What you will do = Count up the lines below where the word "size" shows up, and respond with the number alone.

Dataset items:
○ ○ ○ ○

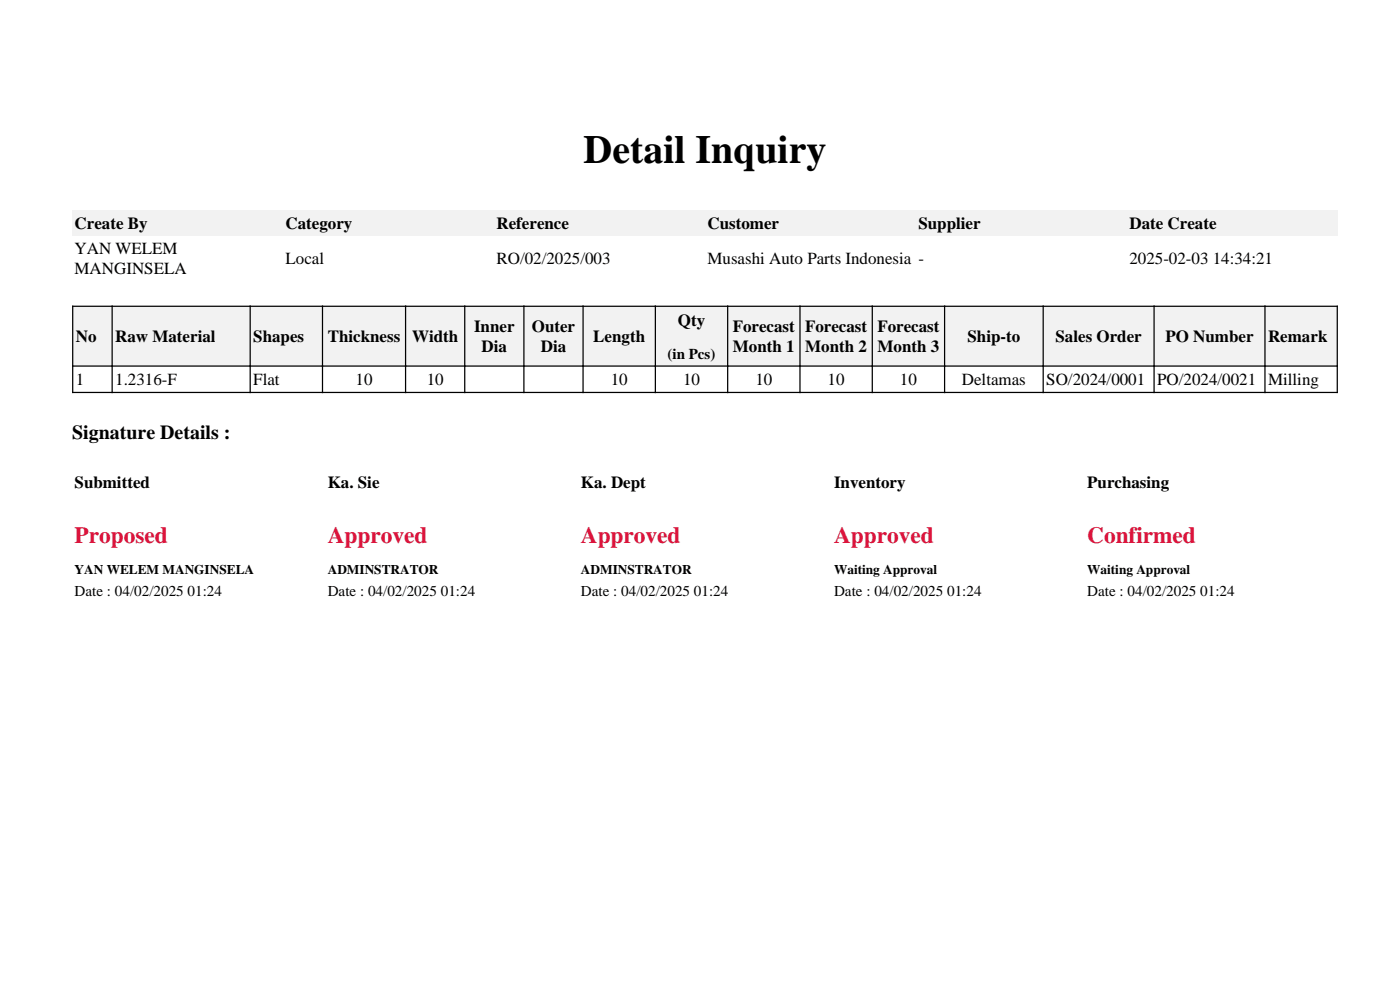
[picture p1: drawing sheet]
<svg xmlns="http://www.w3.org/2000/svg" width="297mm" height="210mm" viewBox="0 0 297 210" stroke-linecap="round" stroke-linejoin="round" font-family="sans-serif">
<defs><g id="words">
<text font-size="8.5" x="123.8" y="34.7">Detail Inquiry</text>
<g font-size="4.9" fill="#dc143c">
<text x="15.8" y="115.2">Proposed</text>
<text x="69.5" y="115.2">Approved</text>
<text x="123.2" y="115.2">Approved</text>
<text x="176.9" y="115.2">Approved</text>
<text x="230.6" y="115.2">Confirmed</text>
</g>
<text font-size="4.2" x="15.3" y="93">Signature Details :</text>
<g font-size="3.6">
<text x="15.8" y="48.6">Create By</text>
<text x="15.8" y="53.9">YAN WELEM</text>
<text x="60.6" y="48.6">Category</text>
<text x="105.3" y="48.6">Reference</text>
<text x="150.1" y="48.6">Customer</text>
<text x="194.8" y="48.6">Supplier</text>
<text x="239.6" y="48.6">Date Create</text>
<text x="15.8" y="58.2">MANGINSELA</text>
<text x="60.6" y="56">Local</text>
<text x="105.3" y="56">RO/02/2025/003</text>
<text x="150.1" y="56">Musashi Auto Parts Indonesia -</text>
<text x="239.6" y="56">2025-02-03 14:34:21</text>
<text x="100.6" y="70.5">Inner</text>
<text x="112.8" y="70.5">Outer</text>
<text x="143.8" y="69">Qty</text>
<text x="155.4" y="70.5">Forecast</text>
<text x="170.8" y="70.5">Forecast</text>
<text x="186.1" y="70.5">Forecast</text>
<text x="16.1" y="72.6">No</text>
<text x="24.5" y="72.6">Raw Material</text>
<text x="53.7" y="72.6">Shapes</text>
<text x="69.5" y="72.6">Thickness</text>
<text x="87.4" y="72.6">Width</text>
<text x="102.2" y="74.7">Dia</text>
<text x="114.7" y="74.7">Dia</text>
<text x="125.9" y="72.6">Length</text>
<text x="155.5" y="74.7">Month 1</text>
<text x="170.8" y="74.7">Month 2</text>
<text x="186.2" y="74.7">Month 3</text>
<text x="205.2" y="72.6">Ship-to</text>
<text x="223.9" y="72.6">Sales Order</text>
<text x="247.2" y="72.6">PO Number</text>
<text x="269" y="72.6">Remark</text>
<text x="16.1" y="81.7">1</text>
<text x="24.5" y="81.7">1.2316-F</text>
<text x="53.7" y="81.7">Flat</text>
<text x="75.4" y="81.7">10</text>
<text x="90.5" y="81.7">10</text>
<text x="129.6" y="81.7">10</text>
<text x="144.9" y="81.7">10</text>
<text x="160.2" y="81.7">10</text>
<text x="175.6" y="81.7">10</text>
<text x="190.9" y="81.7">10</text>
<text x="204.1" y="81.7">Deltamas</text>
<text x="222" y="81.7">SO/2024/0001</text>
<text x="245.5" y="81.7">PO/2024/0021</text>
<text x="269" y="81.7">Milling</text>
<text x="15.8" y="103.6">Submitted</text>
<text x="69.5" y="103.6">Ka. Sie</text>
<text x="123.2" y="103.6">Ka. Dept</text>
<text x="176.9" y="103.6">Inventory</text>
<text x="230.6" y="103.6">Purchasing</text>
</g>
<g font-size="3.2">
<text x="141.6" y="76.1">(in Pcs)</text>
<text x="15.8" y="126.5">Date : 04/02/2025 01:24</text>
<text x="69.5" y="126.5">Date : 04/02/2025 01:24</text>
<text x="123.2" y="126.5">Date : 04/02/2025 01:24</text>
<text x="176.9" y="126.5">Date : 04/02/2025 01:24</text>
<text x="230.6" y="126.5">Date : 04/02/2025 01:24</text>
</g>
<g font-size="2.8">
<text x="15.8" y="121.8">YAN WELEM MANGINSELA</text>
<text x="69.5" y="121.8">ADMINSTRATOR</text>
<text x="123.2" y="121.8">ADMINSTRATOR</text>
<text x="176.9" y="121.8">Waiting Approval</text>
<text x="230.6" y="121.8">Waiting Approval</text>
</g>
</g></defs>
<g fill="#f2f2f2">
<path d="M15.3 44.6h44.7v5.3h-44.7z"/>
<path d="M60 44.6h44.8v5.3h-44.8z"/>
<path d="M104.8 44.6h44.8v5.3h-44.8z"/>
<path d="M149.6 44.6h44.7v5.3h-44.7z"/>
<path d="M194.3 44.6h44.8v5.3h-44.8z"/>
<path d="M239.1 44.6h44.7v5.3h-44.7z"/>
<path d="M15.6 65.1h8.1v12.4h-8.1z"/>
</g>
<path d="M15.3 65h8.6M15.4 64.8v13" fill="none" stroke="#000" stroke-width=".26"/>
<path d="M23.9 65.1h29v12.4h-29z" fill="#f2f2f2"/>
<path d="M23.7 65h29.5M23.8 64.8v13" fill="none" stroke="#000" stroke-width=".26"/>
<path d="M53.2 65.1h15.1v12.4h-15.1z" fill="#f2f2f2"/>
<path d="M52.9 65h15.6M53.1 64.8v13" fill="none" stroke="#000" stroke-width=".26"/>
<path d="M68.5 65.1h17.4v12.4h-17.4z" fill="#f2f2f2"/>
<path d="M68.3 65h17.9M68.4 64.8v13" fill="none" stroke="#000" stroke-width=".26"/>
<path d="M86.2 65.1h12.3v12.4h-12.3z" fill="#f2f2f2"/>
<path d="M85.9 65h12.8M86 64.8v13" fill="none" stroke="#000" stroke-width=".26"/>
<path d="M98.7 65.1h12.3v12.4h-12.3z" fill="#f2f2f2"/>
<path d="M98.5 65h12.8M98.6 64.8v13" fill="none" stroke="#000" stroke-width=".26"/>
<path d="M111.3 65.1h12.3v12.4h-12.3z" fill="#f2f2f2"/>
<path d="M111 65h12.8M111.1 64.8v13" fill="none" stroke="#000" stroke-width=".26"/>
<path d="M123.8 65.1h15.1v12.4h-15.1z" fill="#f2f2f2"/>
<path d="M123.6 65h15.6M123.7 64.8v13" fill="none" stroke="#000" stroke-width=".26"/>
<path d="M139.2 65.1h15v12.4h-15z" fill="#f2f2f2"/>
<path d="M138.9 65h15.6M139 64.8v13" fill="none" stroke="#000" stroke-width=".26"/>
<path d="M154.5 65.1h15.1v12.4h-15.1z" fill="#f2f2f2"/>
<path d="M154.2 65h15.6M154.4 64.8v13" fill="none" stroke="#000" stroke-width=".26"/>
<path d="M169.8 65.1h15.1v12.4h-15.1z" fill="#f2f2f2"/>
<path d="M169.6 65h15.6M169.7 64.8v13" fill="none" stroke="#000" stroke-width=".26"/>
<path d="M185.2 65.1h15.1v12.4h-15.1z" fill="#f2f2f2"/>
<path d="M184.9 65h15.6M185 64.8v13" fill="none" stroke="#000" stroke-width=".26"/>
<path d="M200.5 65.1h20.7v12.4h-20.7z" fill="#f2f2f2"/>
<path d="M200.3 65h21.1M200.4 64.8v13" fill="none" stroke="#000" stroke-width=".26"/>
<path d="M221.4 65.1h23.3v12.4h-23.3z" fill="#f2f2f2"/>
<path d="M221.2 65h23.8M221.3 64.8v13" fill="none" stroke="#000" stroke-width=".26"/>
<path d="M245 65.1h23.2v12.4h-23.2z" fill="#f2f2f2"/>
<path d="M244.7 65h23.8M244.8 64.8v13" fill="none" stroke="#000" stroke-width=".26"/>
<path d="M268.5 65.1h15.1v12.4h-15.1z" fill="#f2f2f2"/>
<g fill="none" stroke="#000" stroke-width=".26">
<path d="M15.3 77.7h268.5M15.4 77.5v5.9M23.8 77.5v5.9M53.1 77.5v5.9M68.4 77.5v5.9M86 77.5v5.9M98.6 77.5v5.9M111.1 77.5v5.9M123.7 77.5v5.9M139 77.5v5.9M154.4 77.5v5.9M169.7 77.5v5.9"/>
<path d="M185 77.5v5.9M200.4 77.5v5.9M221.3 77.5v5.9M244.8 77.5v5.9M268.2 65h15.6M268.4 64.8v18.6M283.7 64.8v18.6M15.3 83.2h268.5"/>
</g>
<use href="#words"/>
</svg>

○ ○ ○ ○

Solution below = 6